La diputada dialoga con casi todos los grupos peronistas pensando en las elecciones internas que consagrarán al futuro presidente, pero en las últimas semanas ha cambiado su pensamiento y estaría dispuesta en asumir ella la aventura de presidir el alicaído PJ local. Sus adversarios no le creen.
Por Eduardo Román
Dicen que la diputada quedó altamente impactada cuando concurrió a la sede del Partido Justicialista en San Isidro e inmediatamente cayó en la cuenta que el momento político por el que atraviesa el PJ de San Martín es tan “raquítico, de vacas flacas en todo sentido”, que ni siquiera cuenta con un espacio ni una oficina digna para realizar actividades, charlas o encuentros políticos.
Es que Eduardo Bustos, con mandato hasta diciembre, tiene el partido cerrado y sin sede partidaria.
Graciela Camaño viene hablando hace largo rato con casi todos los grupos internos justicialistas y del Frente para la Victoria. Dialoga con Katopodis, entusiasma a Rubén Eslaiman, tiene al concejal Guillermo Hamm que le responde y a su aliado Hugo Bernasconi y en una hermosa noche de febrero hasta se sentó a cenar en el Museo Evita con Miguel Cuberos- quien tiene deseos de tirarse a la senaduría provincial en 2009-, el propio Kato, Guillermo Devoto y Carlos Brown para analizar el futuro del peronismo en San Martín.

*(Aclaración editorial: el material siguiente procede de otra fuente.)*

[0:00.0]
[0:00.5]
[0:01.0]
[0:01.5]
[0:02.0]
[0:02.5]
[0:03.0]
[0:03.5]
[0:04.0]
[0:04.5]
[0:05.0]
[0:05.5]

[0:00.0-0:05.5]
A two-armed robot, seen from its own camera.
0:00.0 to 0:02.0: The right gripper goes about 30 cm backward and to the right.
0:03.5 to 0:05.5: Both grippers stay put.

Por ese entonces no tenía tan claro intentar lo que por este último mes se le ha convertido en una convicción: PRESENTARSE EN LAS ELECCIONES DEL JUSTICIALISMO PARA SER CONSAGRADA COMO SU CONDUCTORA A PARTIR DE 2009. O en Diciembre, si es que se separan de las elecciones para cargos electivos.

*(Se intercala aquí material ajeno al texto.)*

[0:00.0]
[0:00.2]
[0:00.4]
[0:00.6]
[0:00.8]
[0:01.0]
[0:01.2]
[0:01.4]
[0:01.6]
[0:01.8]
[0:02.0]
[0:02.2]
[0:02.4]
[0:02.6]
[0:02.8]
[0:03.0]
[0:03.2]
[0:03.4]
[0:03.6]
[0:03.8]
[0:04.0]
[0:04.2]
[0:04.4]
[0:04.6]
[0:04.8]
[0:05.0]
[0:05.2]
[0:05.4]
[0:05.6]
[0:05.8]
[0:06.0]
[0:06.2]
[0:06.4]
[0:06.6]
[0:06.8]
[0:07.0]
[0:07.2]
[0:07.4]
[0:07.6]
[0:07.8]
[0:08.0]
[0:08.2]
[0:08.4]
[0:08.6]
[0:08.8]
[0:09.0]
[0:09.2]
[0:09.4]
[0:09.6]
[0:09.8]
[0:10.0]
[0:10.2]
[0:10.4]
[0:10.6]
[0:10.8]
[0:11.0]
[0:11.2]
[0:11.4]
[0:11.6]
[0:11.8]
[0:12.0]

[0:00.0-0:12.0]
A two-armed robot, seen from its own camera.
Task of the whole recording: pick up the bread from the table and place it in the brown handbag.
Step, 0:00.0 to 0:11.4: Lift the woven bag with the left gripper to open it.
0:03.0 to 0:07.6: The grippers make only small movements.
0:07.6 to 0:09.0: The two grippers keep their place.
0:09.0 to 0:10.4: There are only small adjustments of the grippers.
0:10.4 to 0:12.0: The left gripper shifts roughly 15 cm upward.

La versión fue confirmada a LaNoticiaWeb por la propia diputada la semana pasada durante una conversación telefónica en la que la consulté por su posición respecto de las retenciones enviadas por Cristina al parlamento el día martes.

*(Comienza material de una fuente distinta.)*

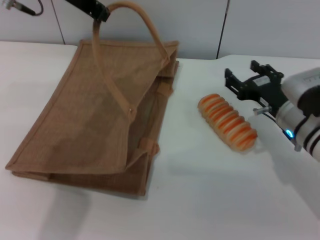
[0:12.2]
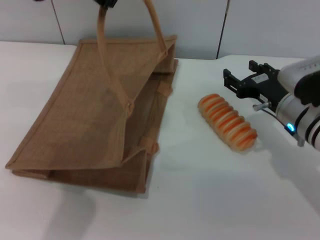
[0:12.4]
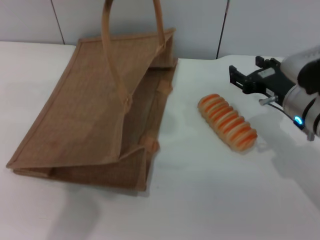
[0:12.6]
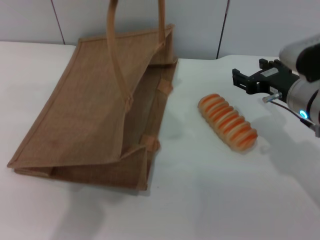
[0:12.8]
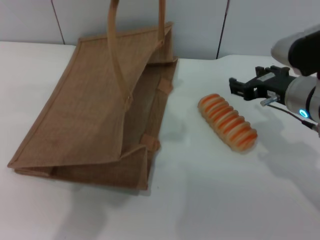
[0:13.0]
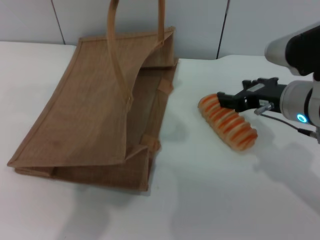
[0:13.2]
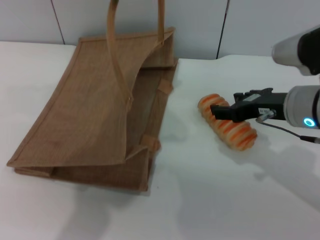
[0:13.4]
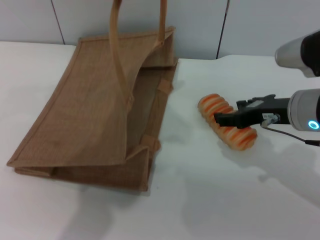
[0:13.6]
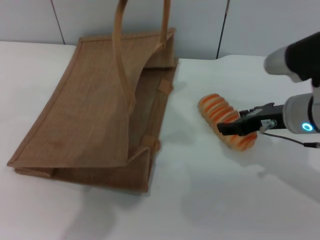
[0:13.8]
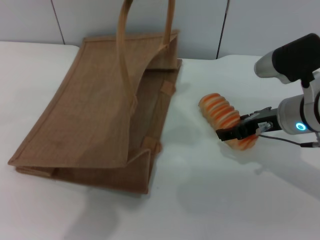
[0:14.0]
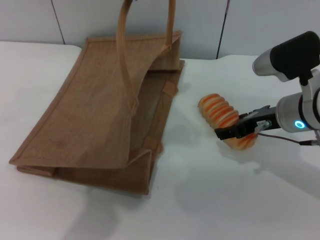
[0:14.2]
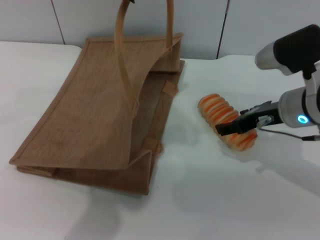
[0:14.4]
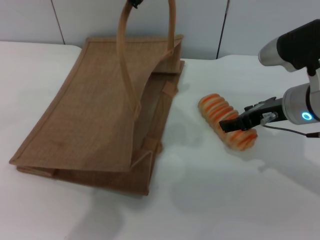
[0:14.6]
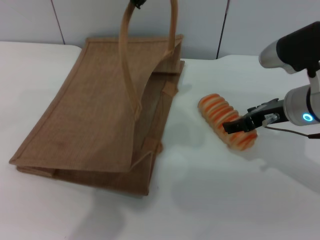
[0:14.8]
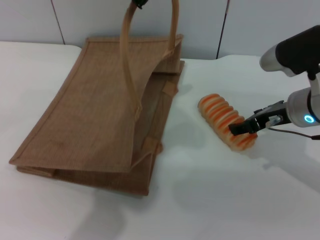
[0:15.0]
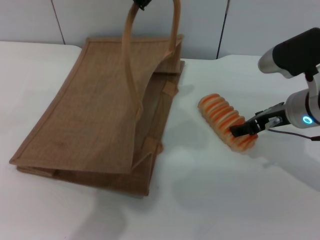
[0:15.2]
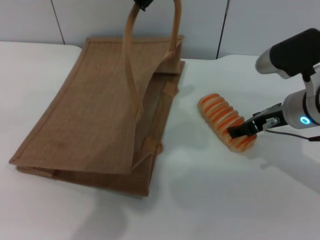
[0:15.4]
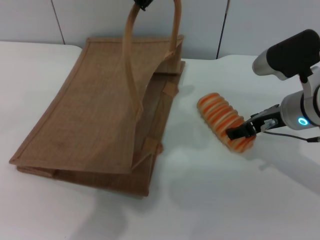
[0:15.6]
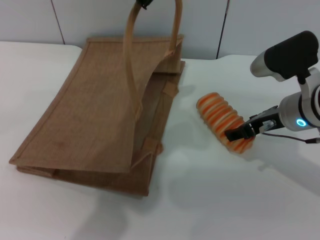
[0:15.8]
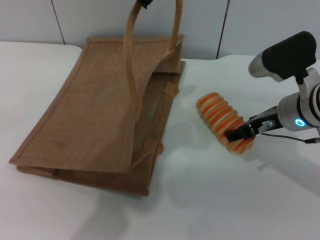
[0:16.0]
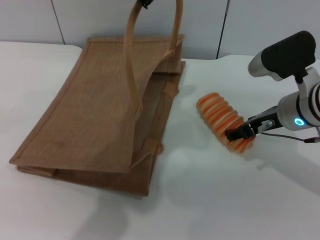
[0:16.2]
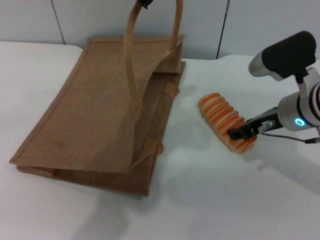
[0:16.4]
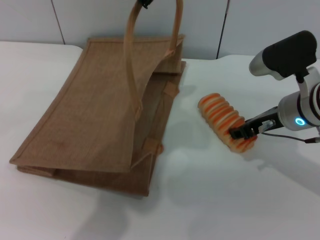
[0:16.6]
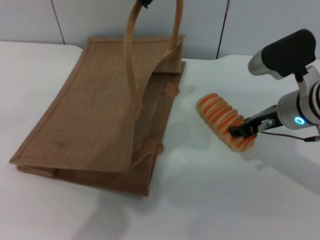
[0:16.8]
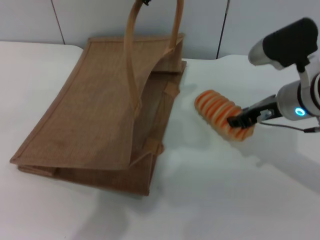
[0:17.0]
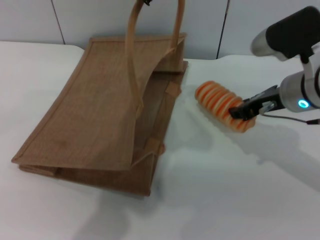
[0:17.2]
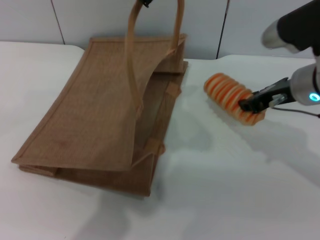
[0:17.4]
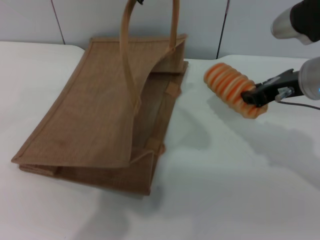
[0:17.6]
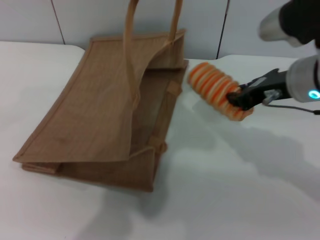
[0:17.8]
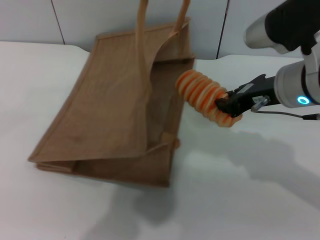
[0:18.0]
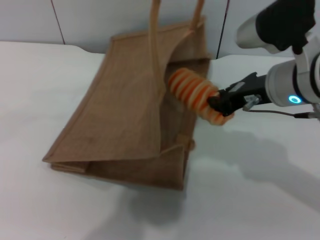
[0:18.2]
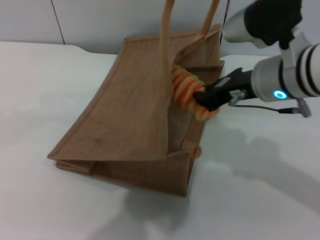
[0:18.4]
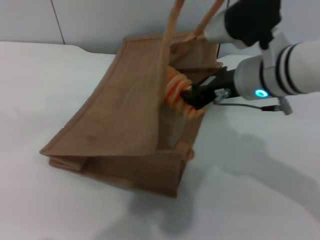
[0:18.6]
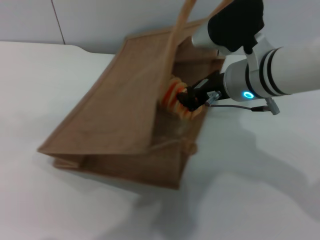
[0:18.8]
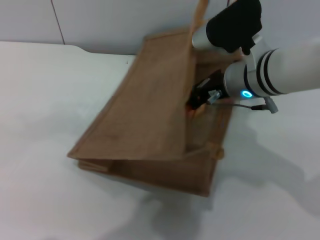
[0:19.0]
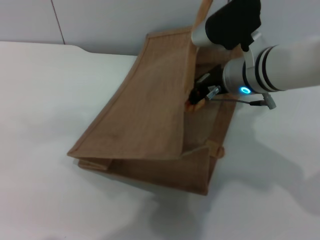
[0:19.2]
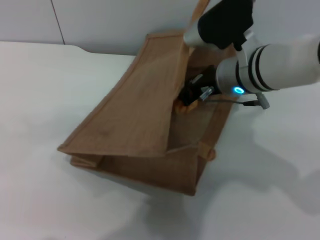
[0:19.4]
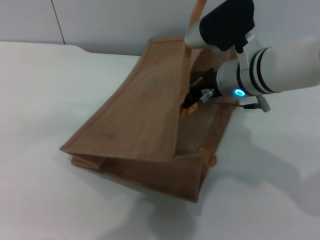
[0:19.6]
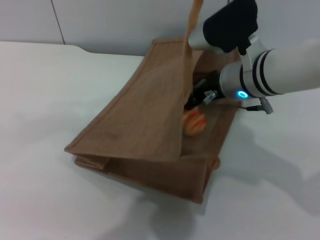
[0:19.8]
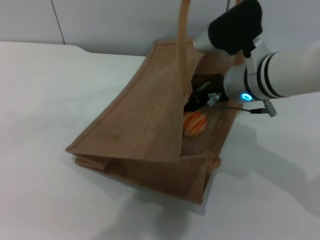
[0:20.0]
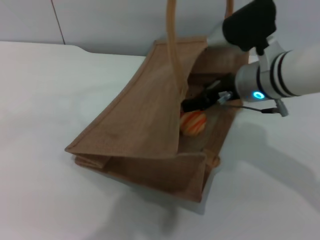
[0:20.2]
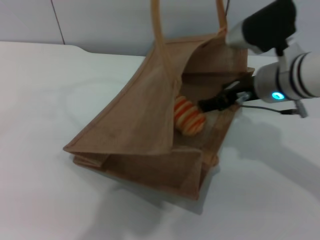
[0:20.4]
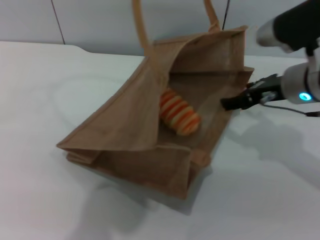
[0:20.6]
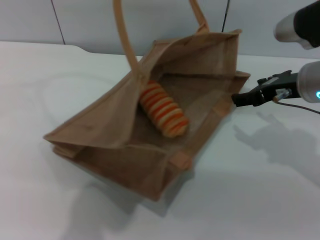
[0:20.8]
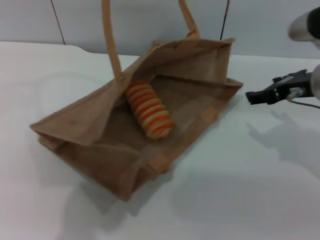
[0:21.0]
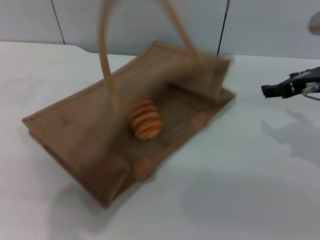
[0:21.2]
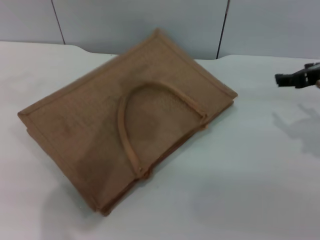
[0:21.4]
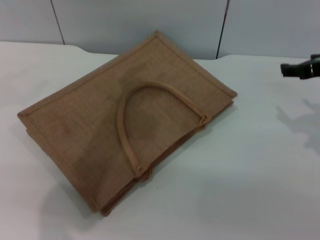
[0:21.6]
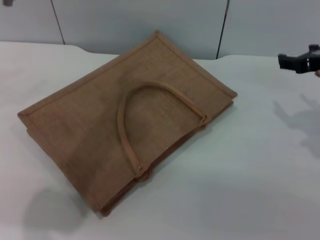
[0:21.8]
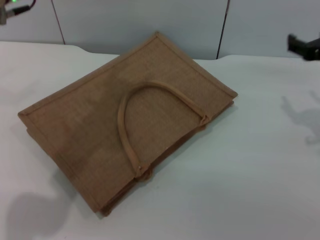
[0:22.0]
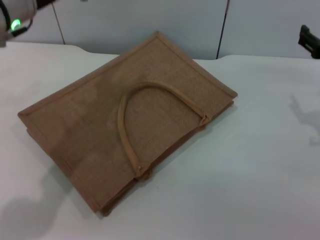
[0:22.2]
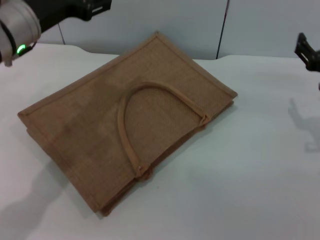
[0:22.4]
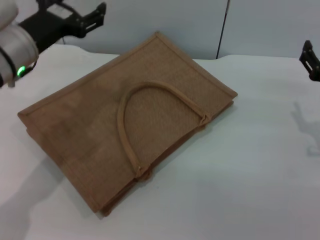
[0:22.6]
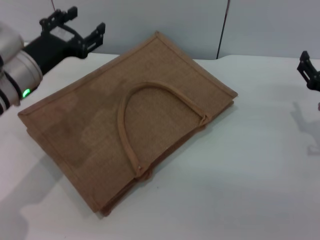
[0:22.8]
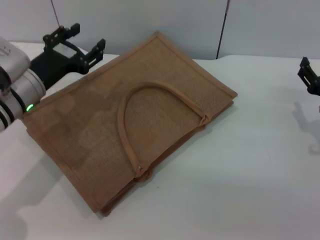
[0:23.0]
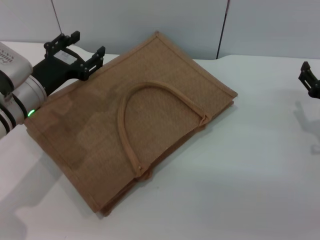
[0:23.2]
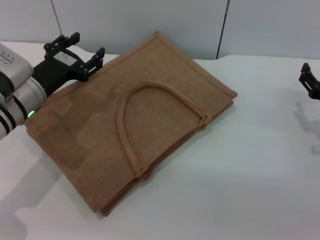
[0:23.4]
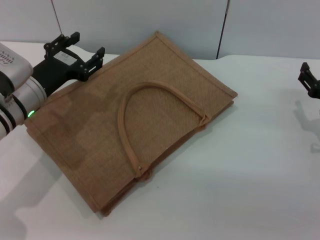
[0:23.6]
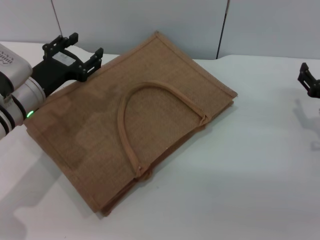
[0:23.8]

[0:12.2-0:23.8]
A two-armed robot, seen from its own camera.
Task of the whole recording: pick up the bread from the table and place it in the brown handbag.
Step, 0:12.2 to 0:17.6: Pick up the bread with the right gripper.
Step, 0:17.8 to 0:21.0: Place the bread into the woven bag with the right gripper.
Step, 0:21.2 to 0:22.6: Lower the woven bag with the left gripper to close it.
0:12.2 to 0:13.6: The right gripper goes approximately 10 cm upward; the left gripper goes roughly 5 cm upward.
0:13.6 to 0:15.0: The grippers move only a little.
0:15.0 to 0:16.6: Both grippers stay put.
0:16.6 to 0:18.0: The right gripper travels upward by roughly 5 cm, and closes up.
0:18.0 to 0:19.4: The right gripper goes roughly 5 cm to the left, while the left gripper is displaced to the right by approximately 5 cm.
0:19.4 to 0:21.0: The right gripper travels to the right by approximately 10 cm, and opens; the left gripper shifts some 10 cm to the left.
0:21.0 to 0:22.4: The right gripper moves downward, some 5 cm, while the left gripper goes approximately 15 cm downward and to the left, and opens its fingers.
0:22.4 to 0:23.8: The right gripper goes roughly 5 cm downward; the left gripper moves downward, some 10 cm.

La legisladora, junto a Felipe Solá y media docena de legisladores bonaerenses, tres cordobeses y otros tantos entrerrianos, dos pampeanos y una salteña, se niegan a aprobar el decreto presidencial a libro cerrado y encabezan la disidencia dentro del Bloque del Frente para la Victoria- PJ para intentar reducir las alícuotas del tributo. Concretamente, para Camaño, lo que crea incertidumbre entre los ruralistas es la movilidad de las retenciones y eso es lo que hay que atender.
Pero volviendo al tema partidario, si bien muchos de sus históricos adversarios no le creen y analizan que ésta es una jugada, para después levantar si consigue un lugar en el partido a nivel provincial; ella cree que debe ser parte fundamental del proceso que encamine, apoye y encolumne “a las nuevas figuras que aparecieron últimamente- textual- para triunfar en el 2009 y recuperar la intendencia en 2011”.